Siblings Of Addicts Wired For Addiction
Scientists have discovered that addicts and their siblings have the same disorders in the brain, meaning both are wired for addictive behavior.
However, the siblings that do not exhibit addictive tendencies give researchers hope that addiction can be cured.
Paul Keedwell, a consultant psychiatrist from Britain’s Cardiff University who was not involved in the study, told Reuters: “If we could get a handle on what makes unaffected relatives of addicts so resilient we might be able to prevent a lot of addiction from taking hold.”
Collecting data on drug addicts is difficult since they typically live on the fringes of society.
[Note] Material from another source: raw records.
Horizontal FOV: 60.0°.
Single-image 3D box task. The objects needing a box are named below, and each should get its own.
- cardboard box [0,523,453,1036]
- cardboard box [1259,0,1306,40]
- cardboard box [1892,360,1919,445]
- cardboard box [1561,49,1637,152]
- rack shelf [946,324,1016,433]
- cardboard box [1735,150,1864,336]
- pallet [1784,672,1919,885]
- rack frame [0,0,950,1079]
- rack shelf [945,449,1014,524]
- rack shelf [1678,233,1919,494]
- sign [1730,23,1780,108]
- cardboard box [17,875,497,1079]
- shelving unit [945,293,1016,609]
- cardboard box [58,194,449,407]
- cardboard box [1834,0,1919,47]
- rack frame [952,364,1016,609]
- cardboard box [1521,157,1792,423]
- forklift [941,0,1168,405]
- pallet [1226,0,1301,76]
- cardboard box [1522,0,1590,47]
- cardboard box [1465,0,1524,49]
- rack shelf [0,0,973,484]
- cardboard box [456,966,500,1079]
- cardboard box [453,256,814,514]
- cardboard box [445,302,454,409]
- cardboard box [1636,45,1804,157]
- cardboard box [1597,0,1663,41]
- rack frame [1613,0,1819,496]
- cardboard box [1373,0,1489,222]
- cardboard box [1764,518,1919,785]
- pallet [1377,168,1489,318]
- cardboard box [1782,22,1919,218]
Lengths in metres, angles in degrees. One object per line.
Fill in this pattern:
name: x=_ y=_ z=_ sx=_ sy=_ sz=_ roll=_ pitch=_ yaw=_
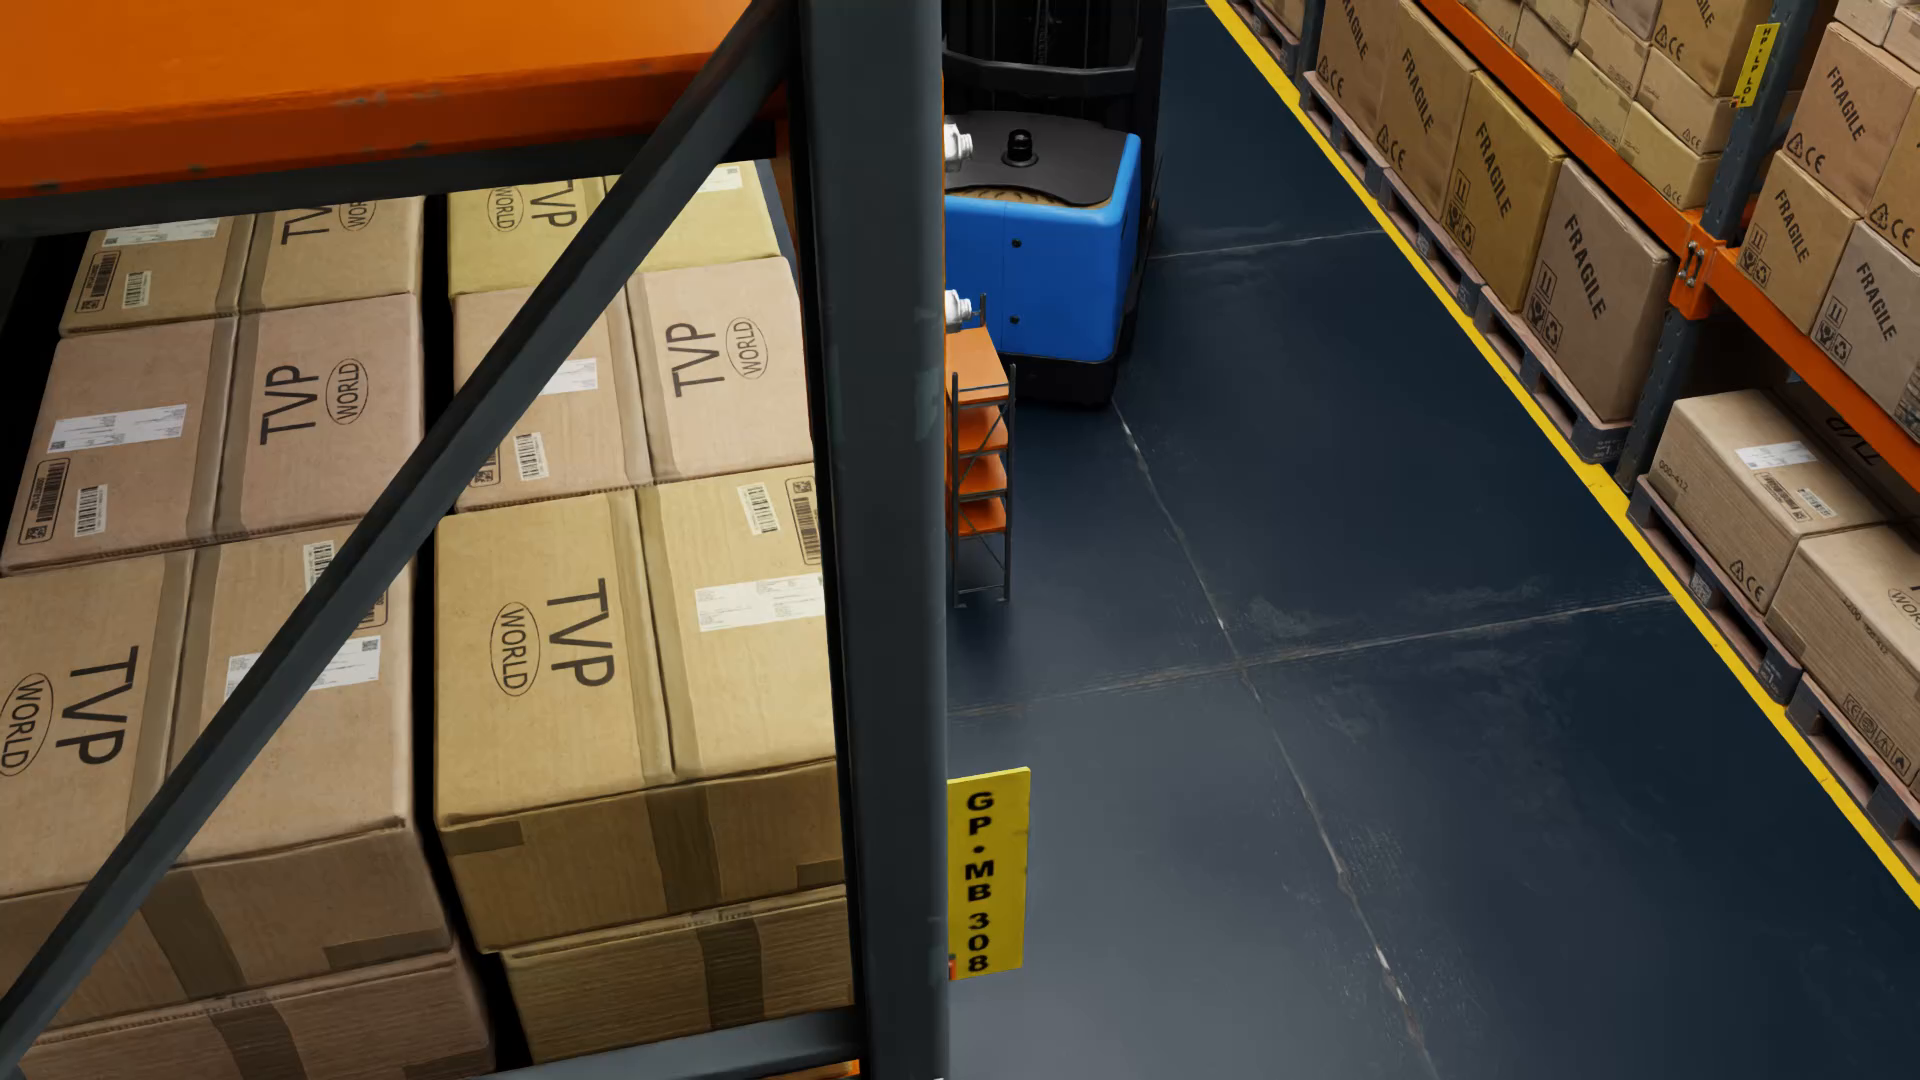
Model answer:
cardboard box: x=-0.880 y=0.260 z=1.950 sx=0.500 sy=0.250 sz=0.500 roll=-9 pitch=42 yaw=-10
cardboard box: x=2.495 y=-3.569 z=10.674 sx=0.950 sy=0.372 sz=0.625 roll=-11 pitch=43 yaw=-12
cardboard box: x=3.522 y=-0.480 z=5.456 sx=0.500 sy=0.500 sz=0.500 roll=-8 pitch=42 yaw=-9
cardboard box: x=3.019 y=-1.963 z=7.315 sx=0.500 sy=0.250 sz=0.500 roll=-9 pitch=42 yaw=-10
rack shelf: x=0.036 y=-0.635 z=6.470 sx=0.258 sy=0.148 sz=0.480 roll=-8 pitch=42 yaw=-9
cardboard box: x=3.316 y=-1.130 z=6.188 sx=0.500 sy=0.500 sz=0.500 roll=-7 pitch=42 yaw=-8
pallet: x=3.825 y=0.905 z=6.071 sx=1.003 sy=0.211 sz=1.213 roll=-8 pitch=42 yaw=-9
rack frame: x=-0.512 y=-0.371 z=0.890 sx=1.000 sy=3.000 sz=0.127 roll=-8 pitch=42 yaw=-9
rack shelf: x=0.036 y=-0.291 z=6.775 sx=0.258 sy=0.148 sz=0.480 roll=-8 pitch=42 yaw=-9
rack shelf: x=3.902 y=0.131 z=5.384 sx=1.077 sy=0.370 sz=4.000 roll=-8 pitch=42 yaw=-9
sign: x=2.943 y=-1.753 z=6.153 sx=0.100 sy=0.325 sz=0.005 roll=-8 pitch=42 yaw=-9
cardboard box: x=-0.873 y=0.446 z=2.117 sx=0.500 sy=0.250 sz=0.500 roll=-9 pitch=42 yaw=-10
shelving unit: x=0.036 y=-0.341 z=6.731 sx=0.258 sy=1.200 sz=0.503 roll=-8 pitch=42 yaw=-9
cardboard box: x=-1.113 y=-0.410 z=2.705 sx=0.500 sy=0.250 sz=0.500 roll=-8 pitch=42 yaw=-9
cardboard box: x=3.285 y=-1.846 z=5.753 sx=0.380 sy=0.149 sz=0.250 roll=-9 pitch=42 yaw=-10
rack frame: x=0.088 y=-0.183 z=6.553 sx=0.240 sy=1.200 sz=0.015 roll=-8 pitch=42 yaw=-9
cardboard box: x=3.259 y=-1.187 z=7.612 sx=0.875 sy=0.875 sz=0.875 roll=-7 pitch=42 yaw=-8
forklift: x=0.488 y=-2.723 z=8.110 sx=1.130 sy=2.935 sz=3.031 roll=8 pitch=42 yaw=8
pallet: x=2.440 y=-3.491 z=11.024 sx=1.003 sy=0.211 sz=1.213 roll=-8 pitch=42 yaw=-9
cardboard box: x=2.905 y=-2.474 z=7.514 sx=0.500 sy=0.250 sz=0.500 roll=-7 pitch=42 yaw=-8
cardboard box: x=2.813 y=-2.627 z=8.063 sx=0.500 sy=0.250 sz=0.500 roll=-8 pitch=42 yaw=-9
rack shelf: x=-0.943 y=-1.397 z=2.590 sx=1.077 sy=0.370 sz=4.000 roll=-8 pitch=42 yaw=-9
cardboard box: x=-0.807 y=0.670 z=2.165 sx=0.380 sy=0.149 sz=0.250 roll=-7 pitch=42 yaw=-8
cardboard box: x=-0.454 y=-0.148 z=2.409 sx=0.500 sy=0.250 sz=0.500 roll=-9 pitch=42 yaw=-10
cardboard box: x=-1.099 y=-0.211 z=2.857 sx=0.500 sy=0.250 sz=0.500 roll=-9 pitch=42 yaw=-10
cardboard box: x=3.138 y=-1.816 z=6.773 sx=0.500 sy=0.250 sz=0.500 roll=-8 pitch=42 yaw=-9
cardboard box: x=3.010 y=-2.433 z=6.903 sx=0.500 sy=0.500 sz=0.500 roll=-8 pitch=42 yaw=-8
rack frame: x=3.471 y=-1.434 z=6.606 sx=1.000 sy=3.000 sz=0.127 roll=-8 pitch=42 yaw=-9
cardboard box: x=2.864 y=-2.351 z=8.923 sx=0.875 sy=0.875 sz=0.875 roll=-8 pitch=42 yaw=-9
cardboard box: x=3.695 y=0.370 z=6.188 sx=0.875 sy=0.438 sz=0.875 roll=-10 pitch=42 yaw=-11
pallet: x=2.964 y=-1.673 z=8.976 sx=1.003 sy=0.211 sz=1.213 roll=-8 pitch=42 yaw=-9
cardboard box: x=3.337 y=-1.502 z=5.854 sx=0.500 sy=0.500 sz=0.500 roll=-8 pitch=42 yaw=-9

The World Health Organization estimates that there are 15.3 million people globally who have drug problems and 148 countries report problems with injected drug use.
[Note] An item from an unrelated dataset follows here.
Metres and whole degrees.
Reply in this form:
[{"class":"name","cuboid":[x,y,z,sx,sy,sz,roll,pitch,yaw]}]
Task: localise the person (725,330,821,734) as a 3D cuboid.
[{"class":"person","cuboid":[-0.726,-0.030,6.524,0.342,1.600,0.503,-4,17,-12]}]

Scientists know that drug abusers have differences in their brains, but they were not sure if the drugs affected the brain or if the differences were already there before drug use.
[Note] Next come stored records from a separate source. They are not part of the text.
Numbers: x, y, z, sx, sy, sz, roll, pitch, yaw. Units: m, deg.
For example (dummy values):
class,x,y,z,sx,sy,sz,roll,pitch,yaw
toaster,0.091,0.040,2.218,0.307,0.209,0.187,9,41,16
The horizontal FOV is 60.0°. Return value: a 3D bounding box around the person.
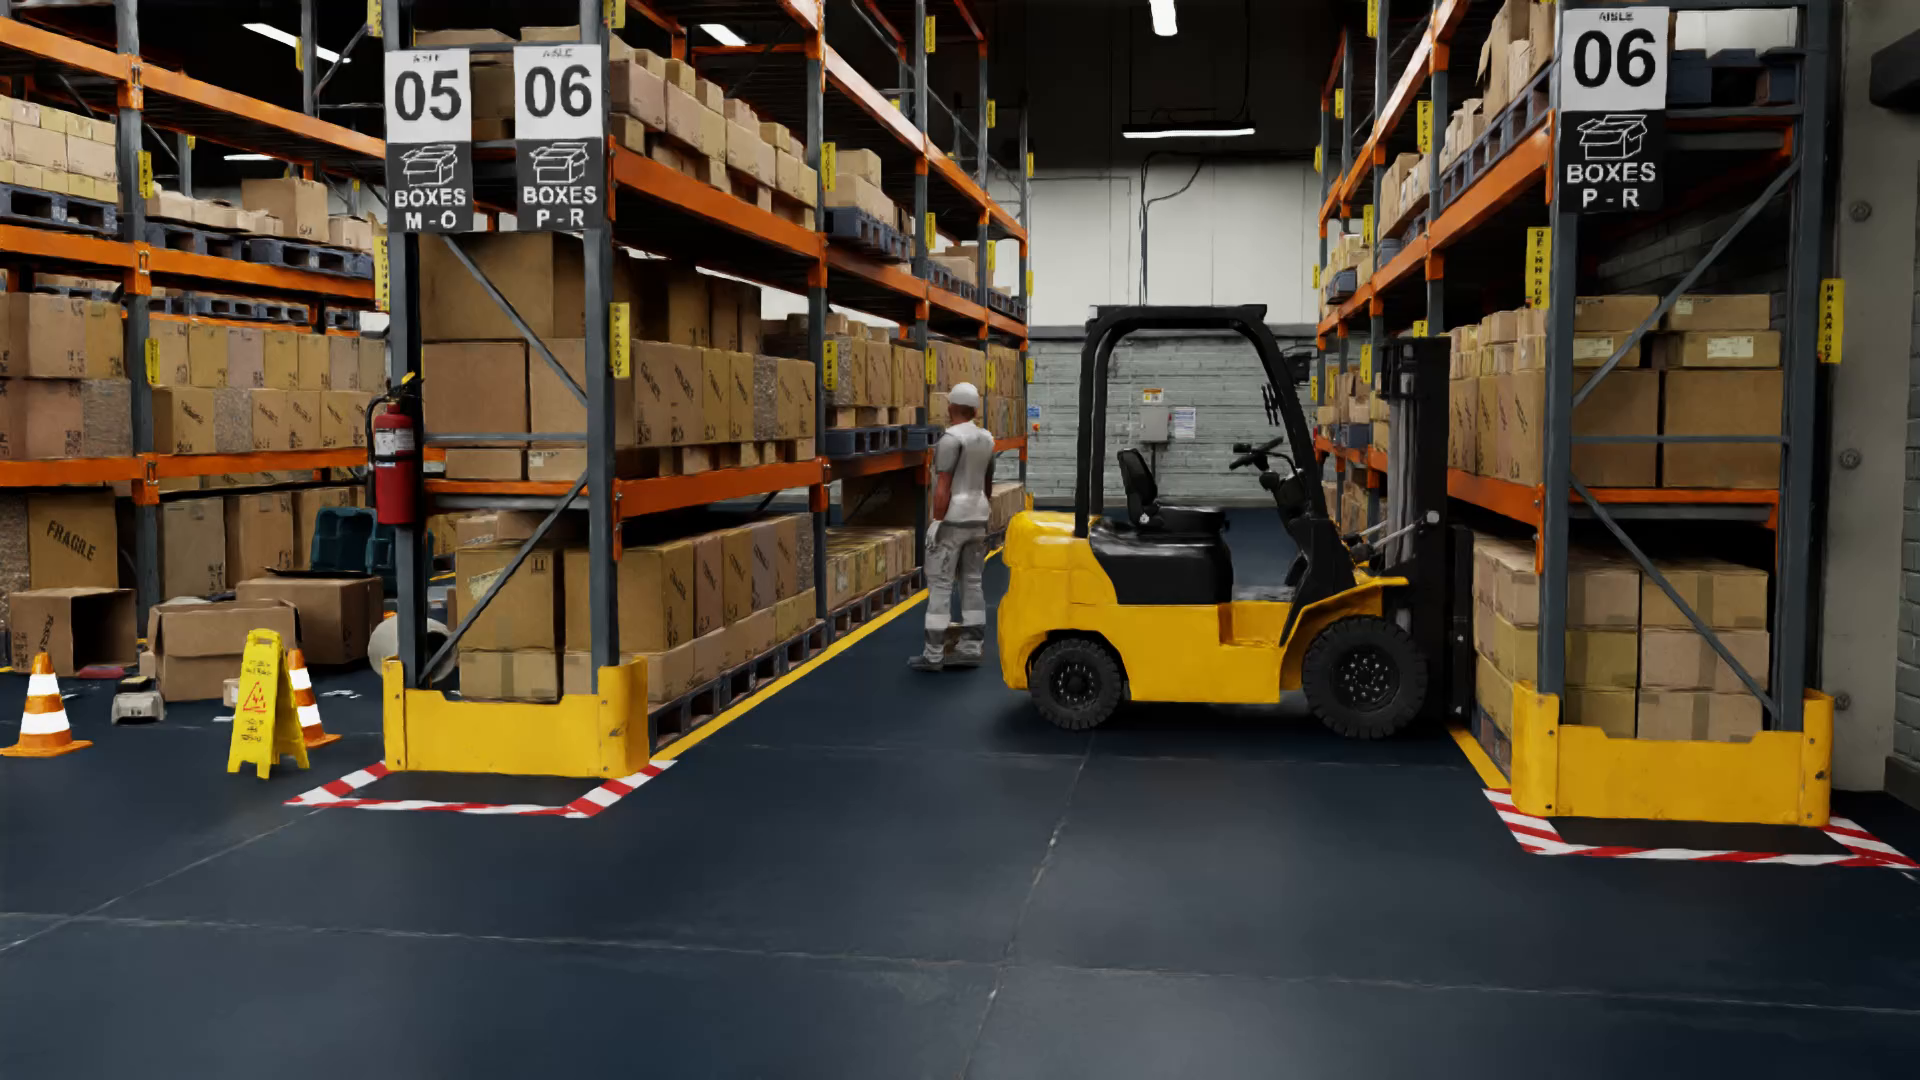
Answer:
class,x,y,z,sx,sy,sz,roll,pitch,yaw
person,-0.059,-0.094,10.435,0.476,1.790,0.594,4,6,41

The researchers worked around this problem by studying the brains of 50 crack addicts and their non-addict siblings and then comparing the results to the brains of other healthy people.
The scientists found that the brains of the non-addicted siblings had the same abnormalities in the part of the brain that controls behavior, the fronto-striatal systems.
According to Karen Ersche, the lead researcher, “It has long been known that not everyone who takes drugs becomes addicted, and that people at risk of drug dependence typically have deficits in self-control. Our finding now shed light on why the risk of becoming addicted to drugs is increased in people with a family history…Parts of their brains underlying self-control abilities work less efficiently.”
The results of the research is published in the journal Science.